The discussion underscored the importance of documenting itch and sleep disturbance when justifying systemic or biologic therapy. Ultimately, the group agreed that he was a candidate for nonsteroidal topical therapy. After weighing options, his dermatologist initiated ruxolitinib (Opzelura; Incyte) 1.5% cream twice daily, leading to rapid itch relief and skin clearance with continued use.

Case 2: A 16-Year-Old Girl With Facial Involvement

The second case involved a 16-year-old girl with AD since age 2, primarily affecting her face and neck. She had previously relied on topical therapies from her primary care provider, including corticosteroids and tacrolimus, but flares persisted. She discontinued crisaborole due to burning upon application, which is a common patient-reported barrier.

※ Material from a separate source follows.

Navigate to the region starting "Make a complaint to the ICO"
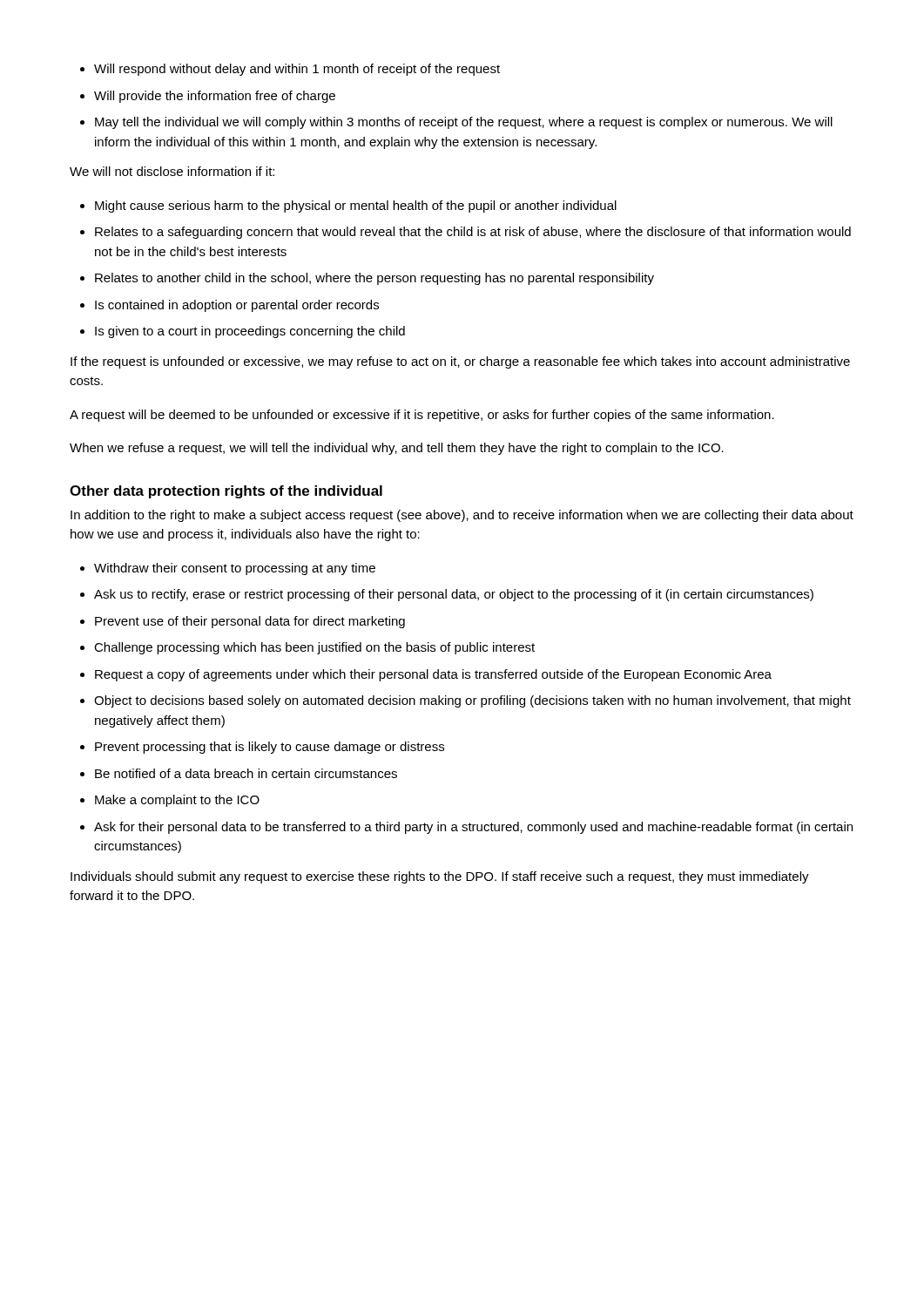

Despite years of self-management, she now sought a new treatment approach. Panelists emphasized the unique adherence challenges of adolescent patients. “Because of her age...she may use a treatment for 48 hours, and if it doesn’t work, she wants to move on,” a participant said.

Lifestyle and cosmetic factors also emerged. As one clinician observed, “She’s 16 years old, so you know she’s going to a beauty store and spending lots of money.” Products with potential irritants, frequent product switching, and social stressors contribute to poor control in this age group.

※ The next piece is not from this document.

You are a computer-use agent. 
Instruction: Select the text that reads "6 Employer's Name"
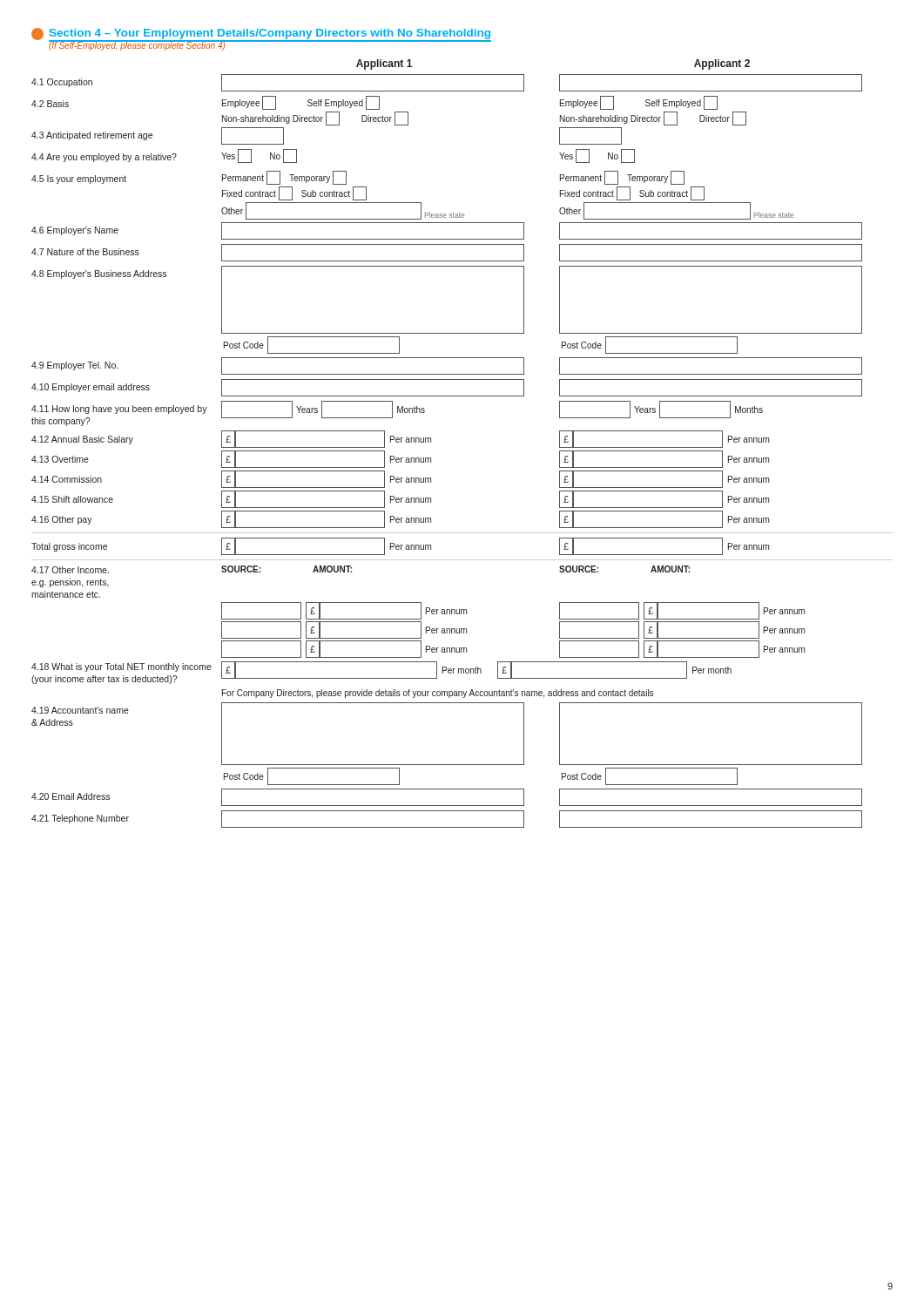tap(456, 231)

The panel discussed systemic therapy, but the patient and her family preferred another topical option before escalation. Therefore, she was started on tapinarof (Vtama; Organon) cream once daily, with the goal of improving facial control and minimizing irritation.

Case 3: A 10-Year-Old Boy With Persistent Disease

The third case focused on a 10-year-old boy with a history of AD partially controlled by topical steroids and calcineurin inhibitors. Despite these, symptoms persisted, prompting discussion of off-label and combination approaches.

One participant suggested emerging nonsteroidal options: “He needs upadacitinib, but he’s 10 [years old], so that’s tricky [because] it’s [indicated for] 12 [years] and up. So, I’d probably give him topical ruxolitinib or tapinarof.”

Others highlighted traditional compounded regimens as effective rescue options. "The Aron method, where you do the Vanicream base with betamethasone and mupirocin...has saved me, especially in littles."

The case segued into a discussion of pediatric data on topical ruxolitinib. Clinicians reviewed trial results comparing 0.75% and 1.5% formulations in children as young as 2. Although higher strengths demonstrated greater efficacy, concerns were raised about systemic absorption in younger patients. Still, enthusiasm was evident: When asked where the drug might fit if approved in younger age groups, one participant responded simply, “Everywhere, everywhere.”

Key Takeaways

The Charlotte roundtable highlighted several practical themes for dermatology clinicians:

  • Severity is multidimensional. Beyond BSA, itch intensity, sleep disruption, and daily function strongly influence treatment decisions.
  • Adherence remains central. Lesion location, age-specific behaviors, and lifestyle factors all shape real-world outcomes.
  • Nonsteroidal topicals are shifting paradigms. Their role in both pediatric and adult patients continues to expand, particularly where long-term steroid safety is a concern.
  • Systemic therapy justification requires documentation. SCOring Atopic Dermatitis, Itch Numeric Rating Scale, and quality-of-life measures provide the evidence needed for payer approval.

By weaving real-world challenges with evolving therapeutic options, this case-based exchange emphasized that individualized care—anchored in both science and patient context—remains the cornerstone of AD management.